而身处风暴中心的“仲氏”皇帝袁术,对此,还一无所知。
建安二年,夏。
淮南的熏风不再温和。
带着一丝燥热与血腥的预兆,拂过寿春坚固的城郭。
昔日象征着“仲氏”皇朝新生的土黄色龙凤旗,此刻在烈日下显得有些无精打采。
仿佛预示着这个短命王朝的未来。
城外,三支大军如同三把巨大的铁钳,死死扼住了寿春的咽喉。
西面,一杆“吕”字大旗如黑龙搅动风云。
旗下三万并州狼骑与陷阵营甲士,军容肃杀,沉默如山。
主将吕布身披兽面吞头连环铠,坐下赤兔马不耐地刨着蹄子。
方天画戟的锋刃在阳光下闪烁着嗜血的寒芒。
他那双鹰隼般的眸子,只是冷冷地盯着远处的城楼。
仿佛那不是一座城,而是一头待宰的猎物。
北面,曹操的玄色大纛遮天蔽日。
五万兖州精锐结成连营,壁垒森严,旌旗如林。
中军帐前的将台上,曹操一身明光铠,手按倚天剑,目光深邃地审视着眼前的战局。
他的身边,夏侯惇、曹仁等宗族大将环立。
每个人脸上都带着百战余生的沉凝。
他们的对手,是驻扎在陈郡的赵云。
但他们的目标,却同样是这座寿春城。
东面,孙策的赤色军旗如烈火燎原。
江东子弟兵们虽然人数最少,但士气最为高昂。
年轻的“小霸王”孙策,身着狮首金盔,手持古锭刀,立于船头,遥望寿春。
他的眼神中燃烧着复仇与野望的火焰。
周瑜在他身侧,白衣纶巾,羽扇轻摇。
目光中却透着与年龄不符的冷静与睿智。
三路大军,超过十万兵马,将会猎于此!
寿春城内,袁术终于从帝王梦中惊醒,面对的是一个残酷的现实。
他强自镇定,披上那身专门打造的黄金锁子甲,登上城楼。
看着城外那黑压压望不到边际的敌军营帐,饶是他再自负,也不禁感到一阵心悸。
“一群乱臣贼子!一群叛徒!”
袁术咬牙切齿地低吼,声音却掩饰不住一丝颤抖。
他麾下尚有五万守军。
寿春城高池深,粮草也还算充裕。
凭借这些,袁术相信自己足以坚守。
他下达了最严厉的命令:关闭所有城门,任何人不得出入,违令者斩!
他要让这些所谓的讨逆联军,在这座坚城之下碰得头破血流!
然而,联军的行动却大大出乎了他的意料。
整整十日,城外的三路大军只是完成了合围。
挖掘了壕沟,筑起了壁垒。
却没有任何攻城的迹象。
他们仿佛不是来打仗,而是来郊游的。
这种“围而不攻”的策略,比千军万马的猛攻更让人窒息。
寿春成了一座孤岛。
与外界的一切联系都被彻底切断。
城内的气氛一天比一天压抑。
更致命的,是来自城外的“心战”。
每日清晨和傍晚,联军都会派出数百名嗓门洪亮的士兵,轮番到城下喊话。
他们不骂阵,不挑战。
只是用最朴实的话语,宣读着长安汉帝的诏书。
讲述着袁术称帝的荒谬。
许诺着投降之后的宽恕。
“城里的兄弟们听着!我们都是汉家的兵,吃汉家的粮!为何要为一个伪帝卖命?”
“如今秦大将军、曹司空、孙将军三路大军在此,只为讨伐国贼袁术一人!只要你们放下武器,打开城门,既往不咎,还可分发田地,安然还乡!”
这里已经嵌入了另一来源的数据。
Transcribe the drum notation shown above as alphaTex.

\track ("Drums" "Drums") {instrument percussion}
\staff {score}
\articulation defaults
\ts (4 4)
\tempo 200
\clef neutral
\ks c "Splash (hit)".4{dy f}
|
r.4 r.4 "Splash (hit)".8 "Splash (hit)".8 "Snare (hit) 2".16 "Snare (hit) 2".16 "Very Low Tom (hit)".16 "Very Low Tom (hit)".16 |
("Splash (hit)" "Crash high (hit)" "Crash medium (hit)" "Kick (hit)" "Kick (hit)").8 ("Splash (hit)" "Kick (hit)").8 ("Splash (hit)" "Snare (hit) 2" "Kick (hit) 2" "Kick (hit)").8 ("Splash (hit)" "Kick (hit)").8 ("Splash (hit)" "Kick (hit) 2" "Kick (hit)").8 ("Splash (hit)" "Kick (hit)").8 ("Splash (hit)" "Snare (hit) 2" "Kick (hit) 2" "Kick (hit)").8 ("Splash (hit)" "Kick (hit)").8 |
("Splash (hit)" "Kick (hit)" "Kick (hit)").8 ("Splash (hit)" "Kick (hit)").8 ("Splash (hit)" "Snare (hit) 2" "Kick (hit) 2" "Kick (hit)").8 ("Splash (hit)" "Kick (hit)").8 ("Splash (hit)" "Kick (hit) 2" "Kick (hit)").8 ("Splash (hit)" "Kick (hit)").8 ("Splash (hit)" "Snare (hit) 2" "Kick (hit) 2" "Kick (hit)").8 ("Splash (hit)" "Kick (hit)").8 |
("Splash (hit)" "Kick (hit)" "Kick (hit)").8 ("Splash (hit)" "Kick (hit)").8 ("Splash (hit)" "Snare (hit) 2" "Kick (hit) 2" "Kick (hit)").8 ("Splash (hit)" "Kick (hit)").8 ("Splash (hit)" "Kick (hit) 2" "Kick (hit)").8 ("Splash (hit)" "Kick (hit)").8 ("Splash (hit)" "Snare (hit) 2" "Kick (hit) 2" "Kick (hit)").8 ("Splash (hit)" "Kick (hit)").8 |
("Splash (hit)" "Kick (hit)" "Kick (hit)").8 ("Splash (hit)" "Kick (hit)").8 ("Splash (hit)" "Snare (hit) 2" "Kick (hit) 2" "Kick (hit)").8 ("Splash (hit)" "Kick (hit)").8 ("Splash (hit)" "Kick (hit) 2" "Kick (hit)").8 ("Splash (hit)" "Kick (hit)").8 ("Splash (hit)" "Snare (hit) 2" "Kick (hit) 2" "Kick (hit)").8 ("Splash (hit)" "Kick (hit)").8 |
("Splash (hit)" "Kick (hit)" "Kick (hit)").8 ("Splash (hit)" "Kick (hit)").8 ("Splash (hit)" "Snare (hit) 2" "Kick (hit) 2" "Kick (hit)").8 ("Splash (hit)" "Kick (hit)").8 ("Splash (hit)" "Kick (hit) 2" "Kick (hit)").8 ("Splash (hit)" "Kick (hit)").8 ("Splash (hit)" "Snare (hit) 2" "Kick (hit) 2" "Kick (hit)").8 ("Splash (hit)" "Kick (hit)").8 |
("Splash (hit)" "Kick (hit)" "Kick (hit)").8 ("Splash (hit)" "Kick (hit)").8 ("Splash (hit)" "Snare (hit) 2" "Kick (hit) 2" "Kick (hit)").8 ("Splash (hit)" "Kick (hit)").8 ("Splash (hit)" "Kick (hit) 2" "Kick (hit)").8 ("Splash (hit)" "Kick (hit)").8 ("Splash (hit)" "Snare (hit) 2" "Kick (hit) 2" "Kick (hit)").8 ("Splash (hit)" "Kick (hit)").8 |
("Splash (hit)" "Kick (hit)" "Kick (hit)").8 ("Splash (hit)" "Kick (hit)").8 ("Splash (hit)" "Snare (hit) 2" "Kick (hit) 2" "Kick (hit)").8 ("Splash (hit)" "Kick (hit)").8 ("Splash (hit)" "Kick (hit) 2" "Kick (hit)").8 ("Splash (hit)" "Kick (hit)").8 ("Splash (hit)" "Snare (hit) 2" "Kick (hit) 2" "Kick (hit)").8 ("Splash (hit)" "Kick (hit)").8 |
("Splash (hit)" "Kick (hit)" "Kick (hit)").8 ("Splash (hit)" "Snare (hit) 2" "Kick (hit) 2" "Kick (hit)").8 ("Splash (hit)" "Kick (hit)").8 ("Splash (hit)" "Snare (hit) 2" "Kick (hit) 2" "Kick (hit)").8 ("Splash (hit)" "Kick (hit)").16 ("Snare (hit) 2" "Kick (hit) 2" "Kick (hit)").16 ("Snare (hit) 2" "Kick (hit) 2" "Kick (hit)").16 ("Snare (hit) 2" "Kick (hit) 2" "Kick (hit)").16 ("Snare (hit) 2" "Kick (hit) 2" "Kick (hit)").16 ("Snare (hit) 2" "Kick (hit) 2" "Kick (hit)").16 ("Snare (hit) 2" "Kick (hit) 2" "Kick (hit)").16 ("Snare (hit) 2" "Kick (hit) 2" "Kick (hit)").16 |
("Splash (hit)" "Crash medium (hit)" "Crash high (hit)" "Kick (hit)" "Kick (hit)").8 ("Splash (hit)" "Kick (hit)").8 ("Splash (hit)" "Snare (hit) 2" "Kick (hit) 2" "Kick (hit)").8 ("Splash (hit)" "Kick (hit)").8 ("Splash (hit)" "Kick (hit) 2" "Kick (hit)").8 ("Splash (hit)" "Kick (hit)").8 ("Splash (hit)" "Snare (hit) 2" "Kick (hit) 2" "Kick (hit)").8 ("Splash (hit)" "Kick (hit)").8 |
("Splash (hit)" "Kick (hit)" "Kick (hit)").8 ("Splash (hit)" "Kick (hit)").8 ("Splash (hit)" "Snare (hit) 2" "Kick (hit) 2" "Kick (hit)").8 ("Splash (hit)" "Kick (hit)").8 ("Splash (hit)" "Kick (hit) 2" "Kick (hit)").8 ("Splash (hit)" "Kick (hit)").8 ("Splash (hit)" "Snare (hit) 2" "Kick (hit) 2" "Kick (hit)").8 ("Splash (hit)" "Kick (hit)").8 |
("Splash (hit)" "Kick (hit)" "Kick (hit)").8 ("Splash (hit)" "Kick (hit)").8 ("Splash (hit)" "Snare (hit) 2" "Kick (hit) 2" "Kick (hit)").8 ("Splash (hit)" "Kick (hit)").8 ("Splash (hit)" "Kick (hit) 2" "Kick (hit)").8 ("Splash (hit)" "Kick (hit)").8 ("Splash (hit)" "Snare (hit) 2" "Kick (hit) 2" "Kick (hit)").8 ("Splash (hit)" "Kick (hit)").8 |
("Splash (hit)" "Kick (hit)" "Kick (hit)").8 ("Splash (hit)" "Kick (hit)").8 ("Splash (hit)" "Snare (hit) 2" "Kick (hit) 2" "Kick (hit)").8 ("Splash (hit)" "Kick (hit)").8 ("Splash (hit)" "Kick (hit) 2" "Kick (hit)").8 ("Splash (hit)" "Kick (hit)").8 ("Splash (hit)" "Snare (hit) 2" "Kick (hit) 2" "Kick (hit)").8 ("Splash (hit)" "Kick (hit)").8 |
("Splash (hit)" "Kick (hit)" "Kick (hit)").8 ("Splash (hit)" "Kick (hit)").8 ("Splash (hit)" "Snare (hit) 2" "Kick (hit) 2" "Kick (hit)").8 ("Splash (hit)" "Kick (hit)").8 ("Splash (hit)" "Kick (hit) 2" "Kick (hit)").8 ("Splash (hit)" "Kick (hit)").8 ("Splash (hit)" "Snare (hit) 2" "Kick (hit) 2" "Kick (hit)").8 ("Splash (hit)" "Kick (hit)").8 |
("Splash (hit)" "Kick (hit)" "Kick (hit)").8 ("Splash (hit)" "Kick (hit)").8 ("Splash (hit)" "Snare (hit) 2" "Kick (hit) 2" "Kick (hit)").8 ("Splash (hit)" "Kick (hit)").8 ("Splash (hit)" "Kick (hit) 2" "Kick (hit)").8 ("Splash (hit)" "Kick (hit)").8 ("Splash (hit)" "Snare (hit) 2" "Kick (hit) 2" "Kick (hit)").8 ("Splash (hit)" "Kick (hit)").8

“袁术倒行逆施,众叛亲离!你们的家人可在城外?可知他们正日夜盼着你们平安归去?”
这些话语像一根根无形的针,不断刺穿着城内守军的心理防线。
他们大多是淮南本地人,家人亲族就在左近。
谁愿意为一场注定失败的闹剧赔上性命?
起初,袁术还下令用弓箭射杀喊话者。
但联军早有准备,用大盾掩护,喊完就退,毫发无伤。
久而久之,守城的军官也懒得管了。
袁术被这种温水煮青蛙般的战术逼得几近疯狂。
他不能再等下去了!
“传令!命大将张勋、桥蕤,点兵一万,随朕出城,冲杀曹军大营!朕要让他们知道,我仲氏皇朝的兵,不是孬种!”
数日后的一个清晨,寿春南门轰然大开。
袁术亲自率领一万精锐,如同一股黄色的浊流,猛地冲出城门,直扑北面的曹营。